--- Data extracts ---

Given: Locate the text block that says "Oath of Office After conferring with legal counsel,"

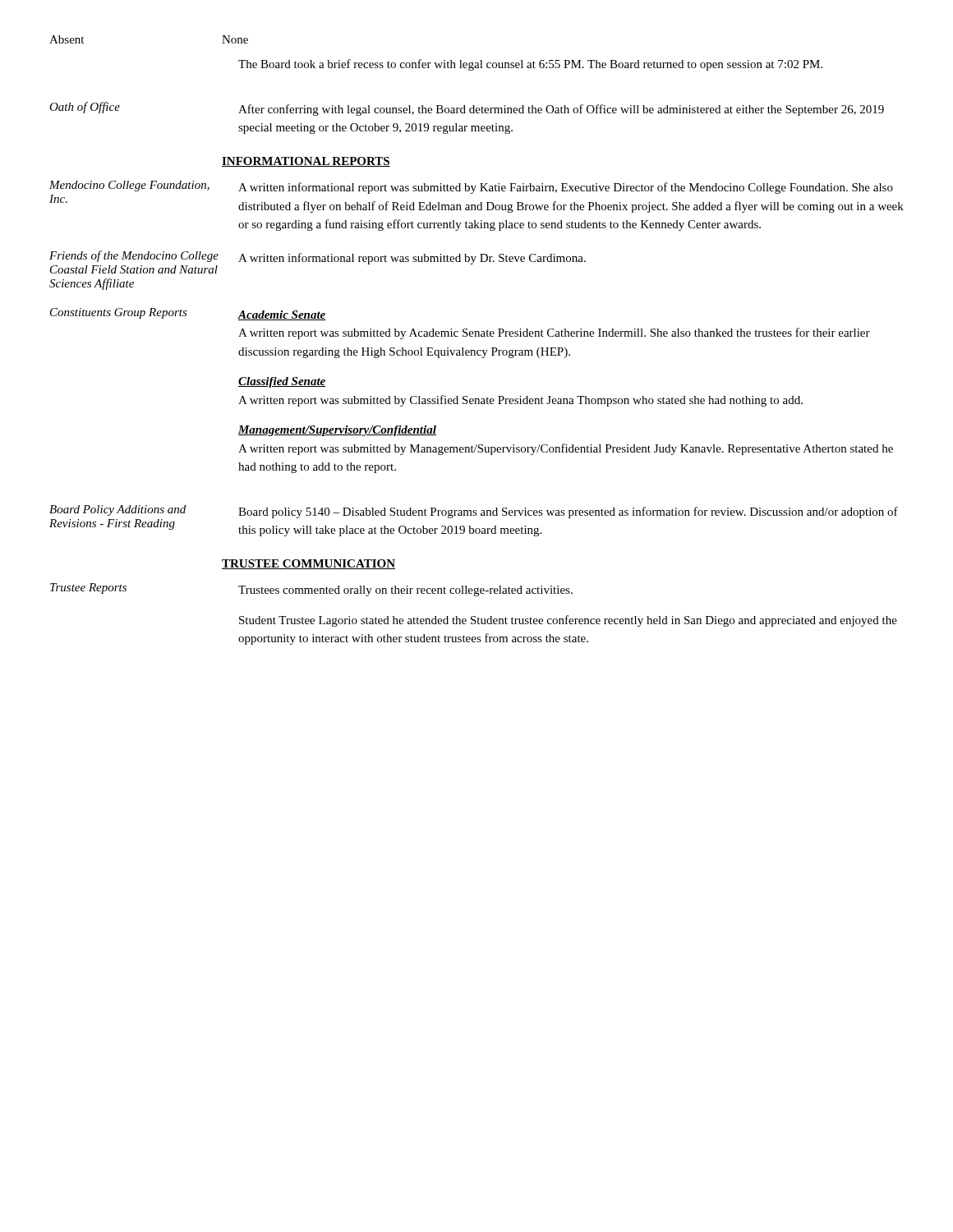Looking at the screenshot, I should pos(476,118).
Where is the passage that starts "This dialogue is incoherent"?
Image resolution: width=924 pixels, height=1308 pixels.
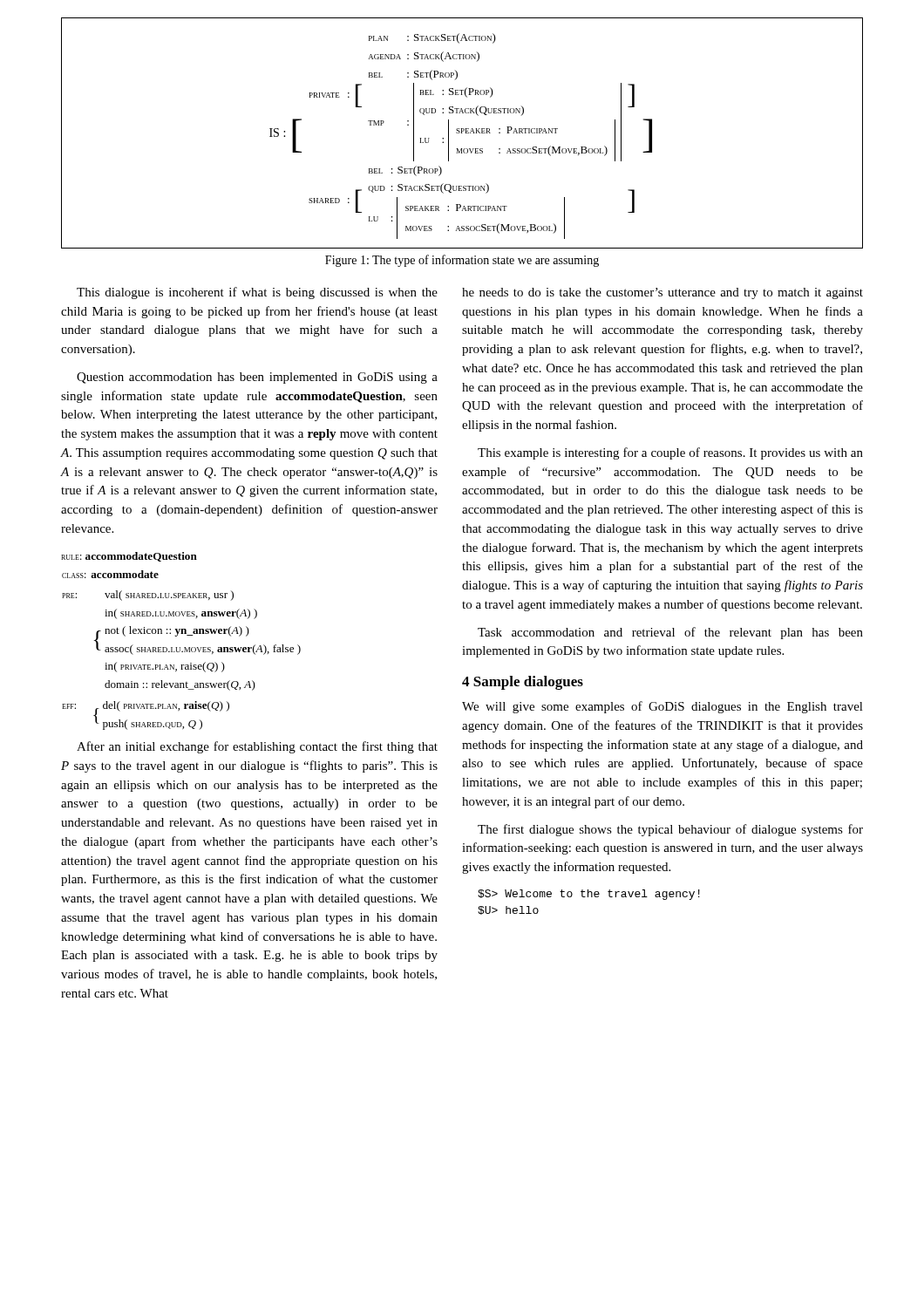(x=249, y=411)
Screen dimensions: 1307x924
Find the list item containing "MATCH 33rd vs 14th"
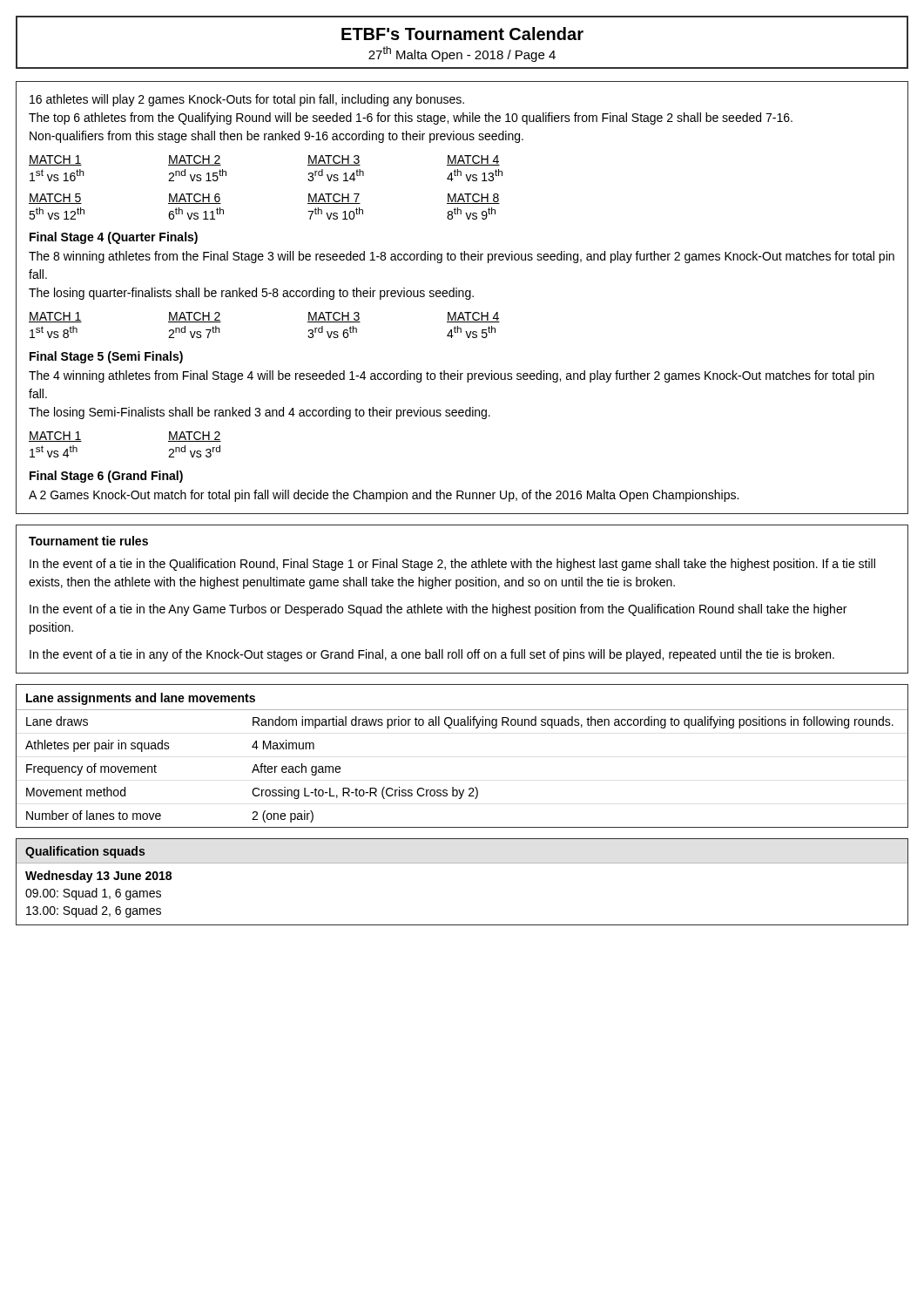(x=336, y=168)
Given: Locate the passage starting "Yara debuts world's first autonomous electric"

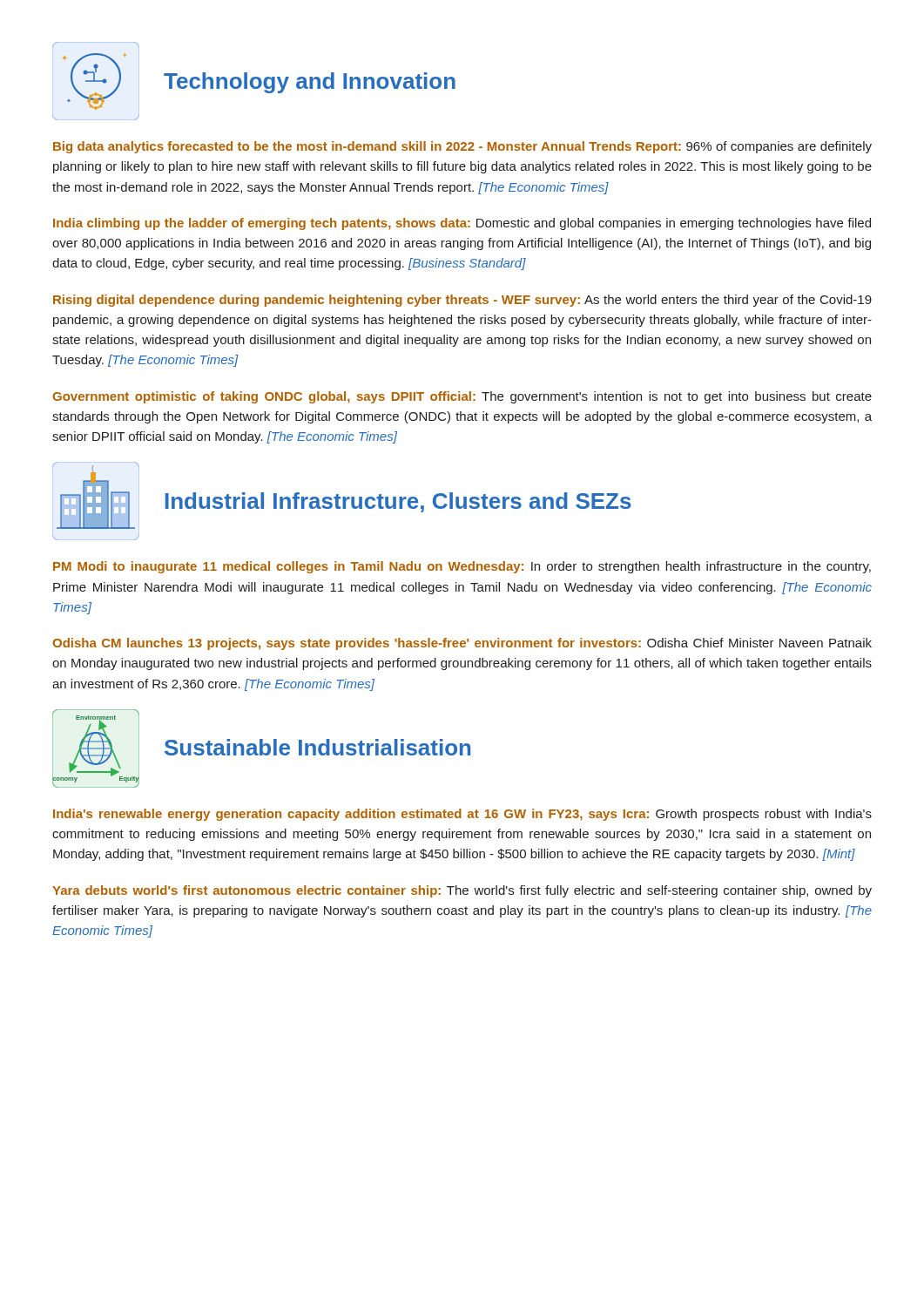Looking at the screenshot, I should tap(462, 910).
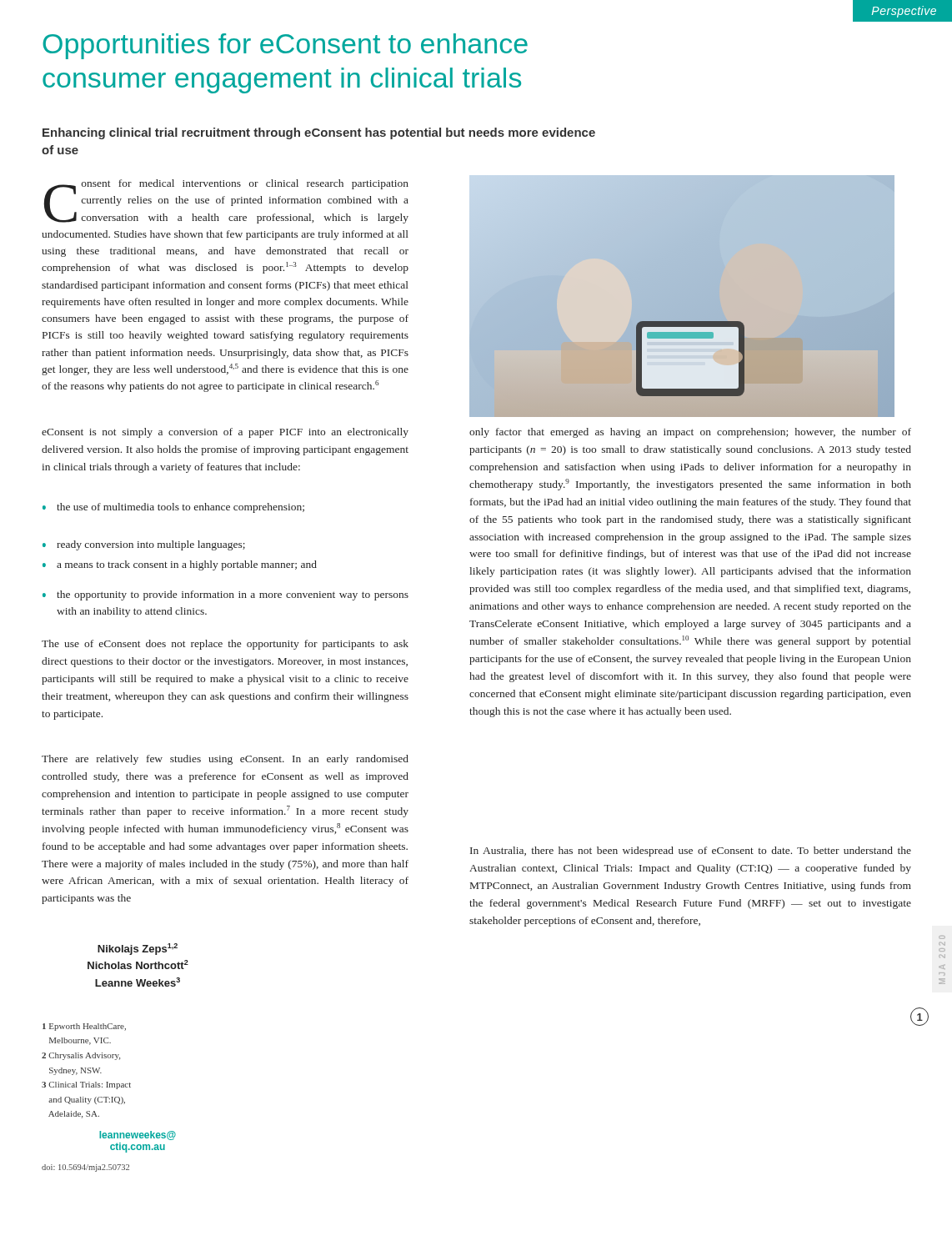Find the region starting "• the use of"
The image size is (952, 1251).
225,507

---

=== Directions ===
The result should be the full listing, retyped exactly and free of pictures.

=== Result for this task ===
Given: Locate the text block that says "Oath of Office After conferring with legal counsel,"

Looking at the screenshot, I should pos(476,118).
Where is the passage that starts "This dialogue is incoherent"?
Image resolution: width=924 pixels, height=1308 pixels.
(x=249, y=411)
Screen dimensions: 1307x924
Find the list item containing "MATCH 33rd vs 14th"
(x=336, y=168)
Given: Locate the passage starting "Yara debuts world's first autonomous electric"

Looking at the screenshot, I should tap(462, 910).
Find the region starting "• the use of"
The image size is (952, 1251).
225,507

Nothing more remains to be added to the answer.